Fig. 5. Stereo view of the hydrophobic and hydrophilic potentials of the human serum albumin mapped onto a surface representation. Blue: area of predicted highest hydrophilic potential; yellow: area of predicted highest hydrophobic potential

Although the pocket that defines this binding site contains predominantly apolar residues, two groups of hydrophilic residues, Tyr150, His242, Arg257 and Lys195, Lys199, Arg218, Arg222 are also displayed in this pocket. Binding site 1 allocates a series of therapeutically important drugs such as warfarin, phenylbutazone, furosemide, among others (Figure 2).

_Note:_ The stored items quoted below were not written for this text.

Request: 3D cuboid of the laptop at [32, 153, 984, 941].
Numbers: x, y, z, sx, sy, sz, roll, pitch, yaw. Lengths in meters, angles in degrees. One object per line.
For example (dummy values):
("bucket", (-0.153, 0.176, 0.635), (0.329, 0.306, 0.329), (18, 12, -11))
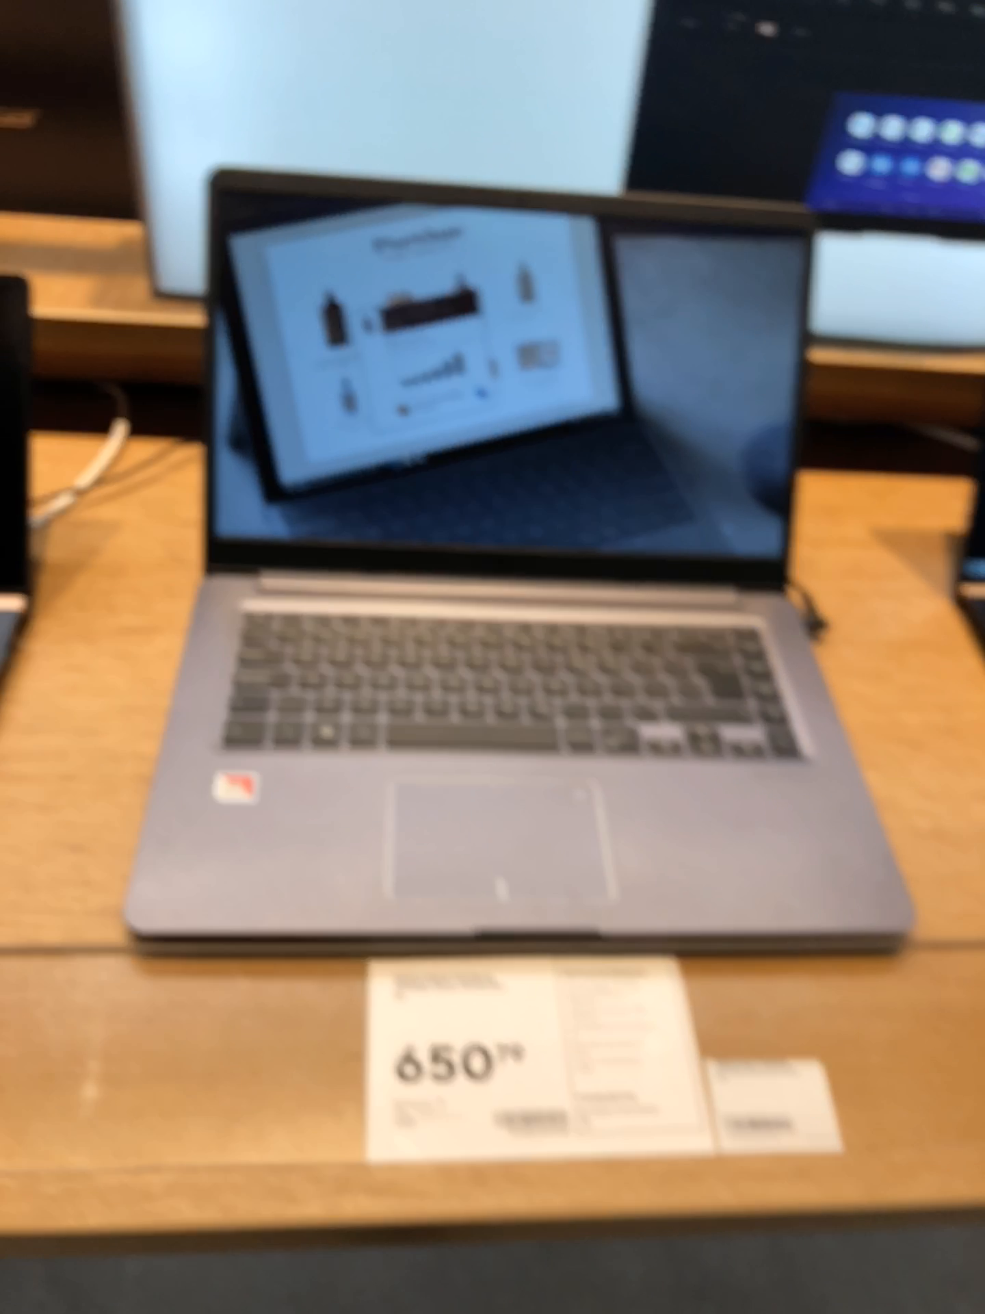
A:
("laptop", (0.011, -0.078, 0.567), (0.352, 0.177, 0.392), (2, 44, -6))

Drug-binding site 2 comprises the six α-helices of subdomain IIIA and predominantly includes a largely hydrophobic cleft measuring about 16 Å deep and 8 Å wide with a positively charged residue positioned near the surface (Figures 4 and 5).

Although topologically binding site 2 is similar to binding site 1, the former shows some key differences. Pocket of binding site 2 presents a smaller size, and unlike site 1, only contains a patch of hydrophilic residues, including Tyr411, Arg410, Lys414 and Ser489 (Figures 4 and 5).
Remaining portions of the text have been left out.